Clothing stores on Bleecker Street, New York City. Photograph by Wayne Fogden/Getty Images

Small businesses in metro New York are still having trouble borrowing, according to a new poll released today by the Federal Reserve Bank of New York.

The poll is part of policy makers’ effort to understand why loans to small businesses have been declining since the financial crisis four years ago. Is it because banks severely tightened lending standards during the crisis and haven’t eased them sufficiently, as many businesses assert? Or is it because healthy businesses don’t want to borrow, as banks have suggested? Or some mix of both?

No survey can fully answer the question. The New York Fed’s analysis suggests that there’s demand that banks aren’t meeting, even as weaker businesses are opting not to borrow.

More than a quarter of the 544 businesses polled didn’t apply for credit in the last year because they thought they’d be turned down. These “discouraged borrowers” tended to be weaker companies  with less-established banking relationships.

Of those companies that did apply for credit, a majority got some financing, but only 13 percent got the full amount they requested. The demand for loans under $100,000 was highest, and these proved harder to get, according to Claire Kramer, an officer in the bank’s Regional and Community Outreach department. “Denial rates for these amounts in fact were higher than for larger loan amounts,” she says.

On average, loan applicants sought three types of credit. The most desired type of financing—new lines of credit—was least-often approved, with only 13 percent of applicants getting new credit lines.

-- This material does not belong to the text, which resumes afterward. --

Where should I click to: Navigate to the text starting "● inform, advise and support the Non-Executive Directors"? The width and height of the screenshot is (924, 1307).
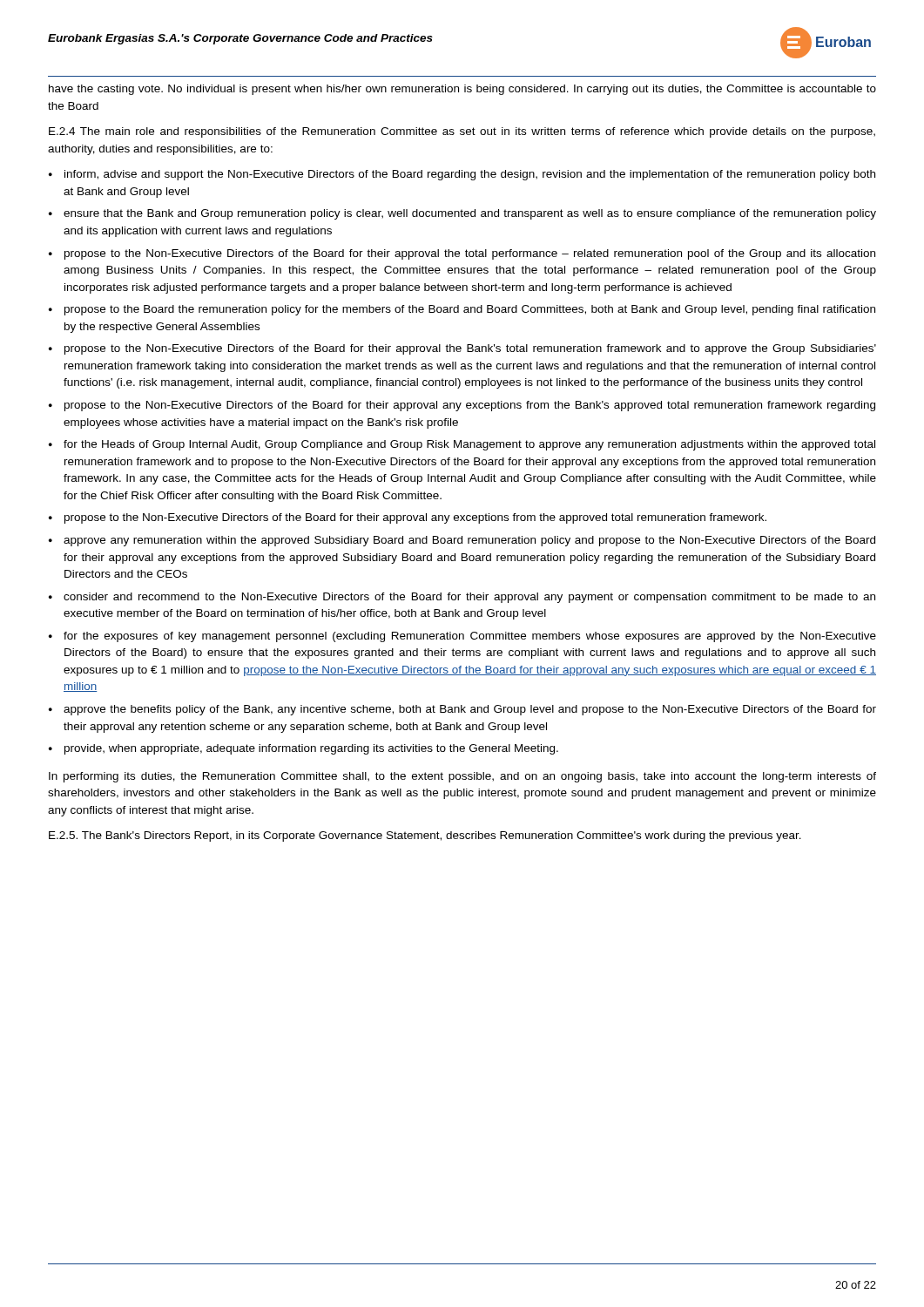[x=462, y=183]

Business and personal credit cards were much easier to get, with more than 40 percent of those applications approved.

The survey didn’t show whether lenders were steering businesses to certain types of loans over others, though Kramer says it may be a question the New York Fed looks at in future surveys.

The online poll queried 544 companies in New York, New Jersey, and Fairfield County, Conn., in April and May. About half were in New York City. Most respondents had fewer than 10 employees and less than $5 million in annual sales.